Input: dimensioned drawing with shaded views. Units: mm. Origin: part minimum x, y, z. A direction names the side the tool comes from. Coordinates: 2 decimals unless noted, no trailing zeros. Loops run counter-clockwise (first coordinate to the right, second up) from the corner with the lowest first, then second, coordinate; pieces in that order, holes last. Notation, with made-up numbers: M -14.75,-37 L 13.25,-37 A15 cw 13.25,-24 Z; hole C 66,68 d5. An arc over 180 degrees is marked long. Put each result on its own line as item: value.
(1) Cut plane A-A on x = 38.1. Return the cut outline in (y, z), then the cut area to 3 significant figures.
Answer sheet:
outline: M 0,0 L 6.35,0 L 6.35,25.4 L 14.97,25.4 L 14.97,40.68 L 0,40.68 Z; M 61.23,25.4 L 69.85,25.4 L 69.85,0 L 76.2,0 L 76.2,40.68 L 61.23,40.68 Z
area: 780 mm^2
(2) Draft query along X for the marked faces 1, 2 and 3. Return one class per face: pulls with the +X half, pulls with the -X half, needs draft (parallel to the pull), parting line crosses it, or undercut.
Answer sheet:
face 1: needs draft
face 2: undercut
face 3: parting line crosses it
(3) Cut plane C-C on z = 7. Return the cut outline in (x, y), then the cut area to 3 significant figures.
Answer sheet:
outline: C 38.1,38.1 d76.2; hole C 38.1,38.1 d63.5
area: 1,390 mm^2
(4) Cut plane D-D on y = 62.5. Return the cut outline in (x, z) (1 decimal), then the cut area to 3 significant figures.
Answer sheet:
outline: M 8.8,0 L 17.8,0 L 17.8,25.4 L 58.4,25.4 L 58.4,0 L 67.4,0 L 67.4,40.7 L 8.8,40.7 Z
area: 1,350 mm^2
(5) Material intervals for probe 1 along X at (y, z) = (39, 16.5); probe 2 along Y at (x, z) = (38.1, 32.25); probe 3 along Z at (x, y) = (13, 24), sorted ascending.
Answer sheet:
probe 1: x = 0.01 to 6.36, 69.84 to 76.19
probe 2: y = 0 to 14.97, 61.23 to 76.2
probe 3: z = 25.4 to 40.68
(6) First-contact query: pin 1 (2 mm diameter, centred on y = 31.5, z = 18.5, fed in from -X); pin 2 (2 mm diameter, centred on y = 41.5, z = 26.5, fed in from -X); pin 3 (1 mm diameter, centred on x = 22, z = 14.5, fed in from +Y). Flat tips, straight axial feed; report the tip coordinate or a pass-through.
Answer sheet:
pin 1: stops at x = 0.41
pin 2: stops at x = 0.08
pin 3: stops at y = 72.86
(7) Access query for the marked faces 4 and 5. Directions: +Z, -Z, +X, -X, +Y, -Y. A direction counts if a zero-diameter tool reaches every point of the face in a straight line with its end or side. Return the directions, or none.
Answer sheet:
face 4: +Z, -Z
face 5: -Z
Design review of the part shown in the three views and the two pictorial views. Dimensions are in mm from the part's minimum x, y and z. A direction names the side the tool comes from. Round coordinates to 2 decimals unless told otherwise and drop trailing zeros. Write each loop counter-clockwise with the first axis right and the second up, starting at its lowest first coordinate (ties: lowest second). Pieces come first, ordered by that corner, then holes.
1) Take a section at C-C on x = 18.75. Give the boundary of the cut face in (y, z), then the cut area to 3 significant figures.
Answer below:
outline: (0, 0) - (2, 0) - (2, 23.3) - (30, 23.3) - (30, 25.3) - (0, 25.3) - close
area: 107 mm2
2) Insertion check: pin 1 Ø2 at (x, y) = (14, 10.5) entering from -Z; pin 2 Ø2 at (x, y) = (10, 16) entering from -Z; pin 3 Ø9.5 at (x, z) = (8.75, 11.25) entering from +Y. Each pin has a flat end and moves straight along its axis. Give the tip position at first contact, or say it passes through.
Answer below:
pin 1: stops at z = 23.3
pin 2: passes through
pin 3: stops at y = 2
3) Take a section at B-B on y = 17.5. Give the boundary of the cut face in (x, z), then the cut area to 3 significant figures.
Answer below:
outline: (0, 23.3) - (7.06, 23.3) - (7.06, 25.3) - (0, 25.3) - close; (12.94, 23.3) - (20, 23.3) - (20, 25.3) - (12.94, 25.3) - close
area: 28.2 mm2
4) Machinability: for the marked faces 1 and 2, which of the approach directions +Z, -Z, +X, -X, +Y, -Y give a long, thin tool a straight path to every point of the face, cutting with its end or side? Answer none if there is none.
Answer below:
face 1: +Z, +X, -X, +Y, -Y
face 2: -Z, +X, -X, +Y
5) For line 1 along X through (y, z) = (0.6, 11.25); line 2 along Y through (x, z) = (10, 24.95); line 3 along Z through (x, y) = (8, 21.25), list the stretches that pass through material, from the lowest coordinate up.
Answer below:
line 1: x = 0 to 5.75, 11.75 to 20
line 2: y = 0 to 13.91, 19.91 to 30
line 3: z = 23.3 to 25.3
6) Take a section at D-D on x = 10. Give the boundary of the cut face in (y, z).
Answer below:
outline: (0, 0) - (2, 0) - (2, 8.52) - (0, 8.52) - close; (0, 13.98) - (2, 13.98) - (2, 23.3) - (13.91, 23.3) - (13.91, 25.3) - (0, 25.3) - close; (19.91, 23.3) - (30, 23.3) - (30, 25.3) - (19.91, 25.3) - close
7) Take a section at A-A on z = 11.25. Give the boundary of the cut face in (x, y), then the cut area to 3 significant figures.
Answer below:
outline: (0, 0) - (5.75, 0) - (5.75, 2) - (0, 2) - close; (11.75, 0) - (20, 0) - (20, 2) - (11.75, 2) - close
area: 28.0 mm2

#####

§ Exercise directions
Once you have read the material, set it down again word for word.

§ Response to this exercise
Input: dimensioned drawing with shaded views. Units: mm. Origin: part minimum x, y, z. A direction names the side the tool comes from. Coordinates: 2 decimals unless noted, no trailing zeros. Loops run counter-clockwise (first coordinate to the right, second up) from the corner with the lowest first, then second, coordinate; pieces in that order, holes last. Notation, with made-up numbers: M -14.75,-37 L 13.25,-37 A15 cw 13.25,-24 Z; hole C 66,68 d5. An arc over 180 degrees is marked long. Put each result on its own line as item: value.
(1) Cut plane A-A on x = 38.1. Return the cut outline in (y, z), then the cut area to 3 significant figures.
Answer sheet:
outline: M 0,0 L 6.35,0 L 6.35,25.4 L 14.97,25.4 L 14.97,40.68 L 0,40.68 Z; M 61.23,25.4 L 69.85,25.4 L 69.85,0 L 76.2,0 L 76.2,40.68 L 61.23,40.68 Z
area: 780 mm^2
(2) Draft query along X for the marked faces 1, 2 and 3. Return one class per face: pulls with the +X half, pulls with the -X half, needs draft (parallel to the pull), parting line crosses it, or undercut.
Answer sheet:
face 1: needs draft
face 2: undercut
face 3: parting line crosses it
(3) Cut plane C-C on z = 7. Return the cut outline in (x, y), then the cut area to 3 significant figures.
Answer sheet:
outline: C 38.1,38.1 d76.2; hole C 38.1,38.1 d63.5
area: 1,390 mm^2
(4) Cut plane D-D on y = 62.5. Return the cut outline in (x, z) (1 decimal), then the cut area to 3 significant figures.
Answer sheet:
outline: M 8.8,0 L 17.8,0 L 17.8,25.4 L 58.4,25.4 L 58.4,0 L 67.4,0 L 67.4,40.7 L 8.8,40.7 Z
area: 1,350 mm^2
(5) Material intervals for probe 1 along X at (y, z) = (39, 16.5); probe 2 along Y at (x, z) = (38.1, 32.25); probe 3 along Z at (x, y) = (13, 24), sorted ascending.
Answer sheet:
probe 1: x = 0.01 to 6.36, 69.84 to 76.19
probe 2: y = 0 to 14.97, 61.23 to 76.2
probe 3: z = 25.4 to 40.68
(6) First-contact query: pin 1 (2 mm diameter, centred on y = 31.5, z = 18.5, fed in from -X); pin 2 (2 mm diameter, centred on y = 41.5, z = 26.5, fed in from -X); pin 3 (1 mm diameter, centred on x = 22, z = 14.5, fed in from +Y). Flat tips, straight axial feed; report the tip coordinate or a pass-through.
Answer sheet:
pin 1: stops at x = 0.41
pin 2: stops at x = 0.08
pin 3: stops at y = 72.86
(7) Access query for the marked faces 4 and 5. Directions: +Z, -Z, +X, -X, +Y, -Y. A direction counts if a zero-diameter tool reaches every point of the face in a straight line with its end or side. Return the directions, or none.
Answer sheet:
face 4: +Z, -Z
face 5: -Z
Design review of the part shown in the three views and the two pictorial views. Dimensions are in mm from the part's minimum x, y and z. A direction names the side the tool comes from. Round coordinates to 2 decimals unless told otherwise and drop trailing zeros. Write each loop counter-clockwise with the first axis right and the second up, starting at its lowest first coordinate (ties: lowest second). Pieces come first, ordered by that corner, then holes.
1) Take a section at C-C on x = 18.75. Give the boundary of the cut face in (y, z), then the cut area to 3 significant figures.
Answer below:
outline: (0, 0) - (2, 0) - (2, 23.3) - (30, 23.3) - (30, 25.3) - (0, 25.3) - close
area: 107 mm2
2) Insertion check: pin 1 Ø2 at (x, y) = (14, 10.5) entering from -Z; pin 2 Ø2 at (x, y) = (10, 16) entering from -Z; pin 3 Ø9.5 at (x, z) = (8.75, 11.25) entering from +Y. Each pin has a flat end and moves straight along its axis. Give the tip position at first contact, or say it passes through.
Answer below:
pin 1: stops at z = 23.3
pin 2: passes through
pin 3: stops at y = 2
3) Take a section at B-B on y = 17.5. Give the boundary of the cut face in (x, z), then the cut area to 3 significant figures.
Answer below:
outline: (0, 23.3) - (7.06, 23.3) - (7.06, 25.3) - (0, 25.3) - close; (12.94, 23.3) - (20, 23.3) - (20, 25.3) - (12.94, 25.3) - close
area: 28.2 mm2
4) Machinability: for the marked faces 1 and 2, which of the approach directions +Z, -Z, +X, -X, +Y, -Y give a long, thin tool a straight path to every point of the face, cutting with its end or side? Answer none if there is none.
Answer below:
face 1: +Z, +X, -X, +Y, -Y
face 2: -Z, +X, -X, +Y
5) For line 1 along X through (y, z) = (0.6, 11.25); line 2 along Y through (x, z) = (10, 24.95); line 3 along Z through (x, y) = (8, 21.25), list the stretches that pass through material, from the lowest coordinate up.
Answer below:
line 1: x = 0 to 5.75, 11.75 to 20
line 2: y = 0 to 13.91, 19.91 to 30
line 3: z = 23.3 to 25.3
6) Take a section at D-D on x = 10. Give the boundary of the cut face in (y, z).
Answer below:
outline: (0, 0) - (2, 0) - (2, 8.52) - (0, 8.52) - close; (0, 13.98) - (2, 13.98) - (2, 23.3) - (13.91, 23.3) - (13.91, 25.3) - (0, 25.3) - close; (19.91, 23.3) - (30, 23.3) - (30, 25.3) - (19.91, 25.3) - close
7) Take a section at A-A on z = 11.25. Give the boundary of the cut face in (x, y), then the cut area to 3 significant figures.
Answer below:
outline: (0, 0) - (5.75, 0) - (5.75, 2) - (0, 2) - close; (11.75, 0) - (20, 0) - (20, 2) - (11.75, 2) - close
area: 28.0 mm2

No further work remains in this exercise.